Stable transfection of HEK-293 cells with hCaR and rat CaR cDNAs
The full-length human parathyroid CaR cDNA3 and full-length rat kidney CaR cDNA4 were each subcloned into the pCEP4 expression vector (Invitrogen, San Diego, CA, U.S.A.). In addition, a mutant form of the hCaR cDNA in which cysteine 598 was changed to serine and isoleucine 599 was changed to a stop codon was also subcloned into pCEP4. HEK-293 cells were transfected using CaPO4 and selected in 200 μg/ml hygromycin. Resistant colonies were subcloned and screened for CaR expression by a solution hybridization assay.12 The clones selected for the present studies either express high levels of the full-length hCaR (clone 7) or rat CaR (clone 6) based on immunoblot analysis of cell membranes or secrete immunoreactive hCaR ECD protein into the medium (clone 32; see Results). These clones were routinely cultured in Dulbecco's modified Eagle's medium (DMEM; Life Technologies Inc., Gaithersburg, MD, U.S.A.) supplemented with 10% fetal bovine serum, 1% glutamine, 1% penicillin and streptomycin, and 200 μg/ml hygromycin at 37°C in a 5% CO2 environment.
ECD ELISA
ECD purified from the conditioned medium of clone 32 cells (P.K. Goldsmith et al., unpublished data) was used for ELISA and immunoblot analysis. For ECD ELISA, 96-well polystyrene microtiter plates were coated overnight at 4°C with 200 μl/well of ECD at 1 μg/ml in 0.1 M carbonate buffer, pH 9.1. Plates were washed three times with PBS-T and blocked for 1 h at room temperature with 200 μl of PBS-T with 1% BSA, followed by overnight incubation of 200 μl/well of purified antibodies appropriately diluted in PBS-T with 1% BSA at 4°C. Plates were washed three times with PBS-T followed by incubation with 200 μl/well of second antibody (same as peptide ELISA) at a dilution of 1:2000 for 2 h at 37°C. Plates were washed three times with PBS-T and developed with substrate solution (as for peptide ELISA) for 30–60 minutes before being read.
Immunoblots
Membranes were prepared from wild-type and stably transfected HEK-293 cells using the method described by Bai et al.9 Protein concentrations were determined using the BCA protein method (Pierce Chemical Co.).
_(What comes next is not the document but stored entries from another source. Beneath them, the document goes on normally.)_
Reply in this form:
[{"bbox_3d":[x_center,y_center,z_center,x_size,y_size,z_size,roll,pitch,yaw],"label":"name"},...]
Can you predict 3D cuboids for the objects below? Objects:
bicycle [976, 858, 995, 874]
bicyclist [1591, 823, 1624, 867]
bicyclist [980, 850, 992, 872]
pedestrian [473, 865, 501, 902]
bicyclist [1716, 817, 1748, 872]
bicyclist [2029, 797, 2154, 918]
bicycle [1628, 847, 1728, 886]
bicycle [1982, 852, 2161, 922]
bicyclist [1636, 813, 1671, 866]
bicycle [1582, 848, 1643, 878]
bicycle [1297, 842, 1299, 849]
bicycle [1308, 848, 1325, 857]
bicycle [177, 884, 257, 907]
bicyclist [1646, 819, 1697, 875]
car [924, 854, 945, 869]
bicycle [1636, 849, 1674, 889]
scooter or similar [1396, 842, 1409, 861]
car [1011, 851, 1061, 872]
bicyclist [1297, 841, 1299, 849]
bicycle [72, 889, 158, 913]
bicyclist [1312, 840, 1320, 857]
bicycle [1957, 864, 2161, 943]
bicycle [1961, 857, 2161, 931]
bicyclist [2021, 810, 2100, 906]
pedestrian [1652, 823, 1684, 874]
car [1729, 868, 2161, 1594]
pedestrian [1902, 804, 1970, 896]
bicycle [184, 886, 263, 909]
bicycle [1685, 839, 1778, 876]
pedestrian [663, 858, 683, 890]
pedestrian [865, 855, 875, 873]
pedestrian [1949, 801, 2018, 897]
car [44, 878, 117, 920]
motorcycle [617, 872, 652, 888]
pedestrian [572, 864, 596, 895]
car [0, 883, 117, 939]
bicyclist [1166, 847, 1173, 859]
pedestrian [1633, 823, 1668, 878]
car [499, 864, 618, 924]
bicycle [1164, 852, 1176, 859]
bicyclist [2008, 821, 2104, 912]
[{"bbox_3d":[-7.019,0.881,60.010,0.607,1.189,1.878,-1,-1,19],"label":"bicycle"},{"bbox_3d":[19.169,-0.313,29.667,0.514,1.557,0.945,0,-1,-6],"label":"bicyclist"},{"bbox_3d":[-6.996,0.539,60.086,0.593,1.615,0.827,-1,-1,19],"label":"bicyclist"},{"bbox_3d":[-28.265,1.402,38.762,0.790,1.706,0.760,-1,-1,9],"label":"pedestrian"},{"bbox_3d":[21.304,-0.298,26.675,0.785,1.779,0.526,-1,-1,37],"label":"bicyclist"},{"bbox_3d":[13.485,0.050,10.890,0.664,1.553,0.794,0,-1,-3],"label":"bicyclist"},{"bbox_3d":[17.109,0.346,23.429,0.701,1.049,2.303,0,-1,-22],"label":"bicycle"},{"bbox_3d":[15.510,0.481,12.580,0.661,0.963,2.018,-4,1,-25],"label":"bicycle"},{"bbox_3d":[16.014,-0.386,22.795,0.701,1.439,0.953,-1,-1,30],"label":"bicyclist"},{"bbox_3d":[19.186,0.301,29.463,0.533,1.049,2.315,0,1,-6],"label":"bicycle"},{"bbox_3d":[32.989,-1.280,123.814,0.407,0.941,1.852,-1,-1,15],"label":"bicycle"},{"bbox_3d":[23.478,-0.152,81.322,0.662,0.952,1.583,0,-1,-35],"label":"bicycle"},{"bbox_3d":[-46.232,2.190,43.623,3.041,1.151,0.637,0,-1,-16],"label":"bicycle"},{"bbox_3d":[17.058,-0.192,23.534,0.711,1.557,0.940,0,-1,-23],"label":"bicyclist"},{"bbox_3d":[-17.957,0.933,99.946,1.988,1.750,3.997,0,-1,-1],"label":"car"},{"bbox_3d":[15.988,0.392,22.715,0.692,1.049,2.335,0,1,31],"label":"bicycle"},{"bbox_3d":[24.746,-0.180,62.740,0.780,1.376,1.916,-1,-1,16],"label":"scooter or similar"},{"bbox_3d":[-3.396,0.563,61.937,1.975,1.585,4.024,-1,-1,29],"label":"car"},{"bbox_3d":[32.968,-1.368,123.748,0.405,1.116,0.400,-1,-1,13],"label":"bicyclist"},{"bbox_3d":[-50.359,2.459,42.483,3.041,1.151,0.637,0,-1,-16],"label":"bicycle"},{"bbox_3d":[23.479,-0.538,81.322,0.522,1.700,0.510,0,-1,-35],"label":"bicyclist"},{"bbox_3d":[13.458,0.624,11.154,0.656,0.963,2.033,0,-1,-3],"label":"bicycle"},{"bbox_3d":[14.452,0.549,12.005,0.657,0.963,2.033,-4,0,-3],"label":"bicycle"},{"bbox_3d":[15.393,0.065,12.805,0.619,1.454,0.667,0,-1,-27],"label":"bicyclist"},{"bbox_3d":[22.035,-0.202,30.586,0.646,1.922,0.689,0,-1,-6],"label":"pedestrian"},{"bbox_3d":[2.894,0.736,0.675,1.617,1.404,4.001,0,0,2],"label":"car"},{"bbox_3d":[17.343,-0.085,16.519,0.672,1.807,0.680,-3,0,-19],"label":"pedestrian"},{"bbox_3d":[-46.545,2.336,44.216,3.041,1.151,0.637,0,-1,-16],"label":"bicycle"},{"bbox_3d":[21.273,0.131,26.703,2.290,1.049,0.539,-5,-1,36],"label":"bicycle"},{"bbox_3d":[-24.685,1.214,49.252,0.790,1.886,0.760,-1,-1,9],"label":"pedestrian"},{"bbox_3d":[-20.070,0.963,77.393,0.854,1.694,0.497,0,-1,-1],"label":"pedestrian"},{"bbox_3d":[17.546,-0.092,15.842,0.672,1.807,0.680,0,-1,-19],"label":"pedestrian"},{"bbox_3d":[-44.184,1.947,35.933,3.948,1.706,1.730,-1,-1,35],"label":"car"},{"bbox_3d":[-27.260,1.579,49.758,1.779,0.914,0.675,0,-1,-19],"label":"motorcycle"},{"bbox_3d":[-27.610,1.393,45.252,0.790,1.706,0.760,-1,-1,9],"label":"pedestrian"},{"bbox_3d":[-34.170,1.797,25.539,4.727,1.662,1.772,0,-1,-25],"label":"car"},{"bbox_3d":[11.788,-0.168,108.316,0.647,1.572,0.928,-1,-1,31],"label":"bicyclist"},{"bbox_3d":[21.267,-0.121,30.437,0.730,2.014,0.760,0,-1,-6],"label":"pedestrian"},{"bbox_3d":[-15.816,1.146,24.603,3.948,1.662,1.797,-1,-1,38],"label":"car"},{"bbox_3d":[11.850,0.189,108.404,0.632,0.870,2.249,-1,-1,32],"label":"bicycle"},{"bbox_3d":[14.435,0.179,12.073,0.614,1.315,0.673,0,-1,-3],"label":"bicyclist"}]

All membrane preparations and detergent extract samples were stored at −70°C. For immunoblot analysis, proteins were separated under denaturing conditions on 10% polyacrylamide gels containing 0.1% sodium dodecyl sulfate (SDS) or on 5–15% gradient polyacrylamide gels containing 0.1% SDS.13 To prevent temperature-induced receptor aggregation, membrane extracts were treated in sodium dodecyl sulfide (SDS)-containing buffer for 30 minutes at room temperature prior to sample loading and electrophoresis. Following overnight electrophoretic transfer to nitrocellulose membranes at 150 mA constant current, the nitrocellulose membranes were blocked with 5% horse serum in 50 mM Tris-HCl, pH 8.0, 500 mM NaCl, 0.1% Tween-20 (TBST) for 1 h at room temperature. All first and second antibodies were diluted in TBST containing 5% horse serum and 0.05% thimersol as a bacterial growth inhibitor. First antibody incubations were overnight at room temperature using the concentrations listed in the figure legends; second antibody incubations were for 2 h using 1 μg/ml of goat anti-mouse immunoglobulin G (IgG) conjugated with horseradish peroxidase (Kierkegaarde & Perry). Development of the blots was with 4-chloronaphthol as previously described.11
Immunohistochemistry
Bovine parathyroid glands or rat thyroid glands were sectioned at 10 μM on a cryostat and thaw mounted onto gelatin-coated glass slides. The sections were fixed for 10 minutes in 4% formaldehyde in Tris buffered saline (TBS: 0.9% NaCl and 50 mM Tris, pH 7.4), rinsed in TBS, and pretreated with DAKO peroxidase blocking reagent and DAKO protein block serum-free solution (DAKO Co., Carpinteria, CA, U.S.A.). Two micrograms per milliliter of ADD antibody diluted in TBS + 1% BSA was applied to the sections, and they were incubated in a damp chamber at 4°C overnight. The slides were rinsed in TBS containing 1% Triton-X and antibody binding was detected using the Vectastain Elite ABC kit according to the manufacturer's directions (Vector Laboratories, Inc., Burlingame, CA, U.S.A.). This system uses a biotinylated horse anti-mouse second antibody, avidin-conjugated horseradish peroxidase, and diaminobenzidine tetrahydrochloride as the peroxidase substrate. Stained sections were then dehydrated and coverslips applied. For the antigen preabsorption control, 2 μg/ml ADD antibody was preincubated with 4 ng/ml ADD peptide at 4°C overnight prior to applying it to the sections, and the assay proceeded as previously described. A “no first antibody” negative control was performed by incubating sections overnight in TBS + 1% BSA and processing with the Vectastain Elite kit as described above.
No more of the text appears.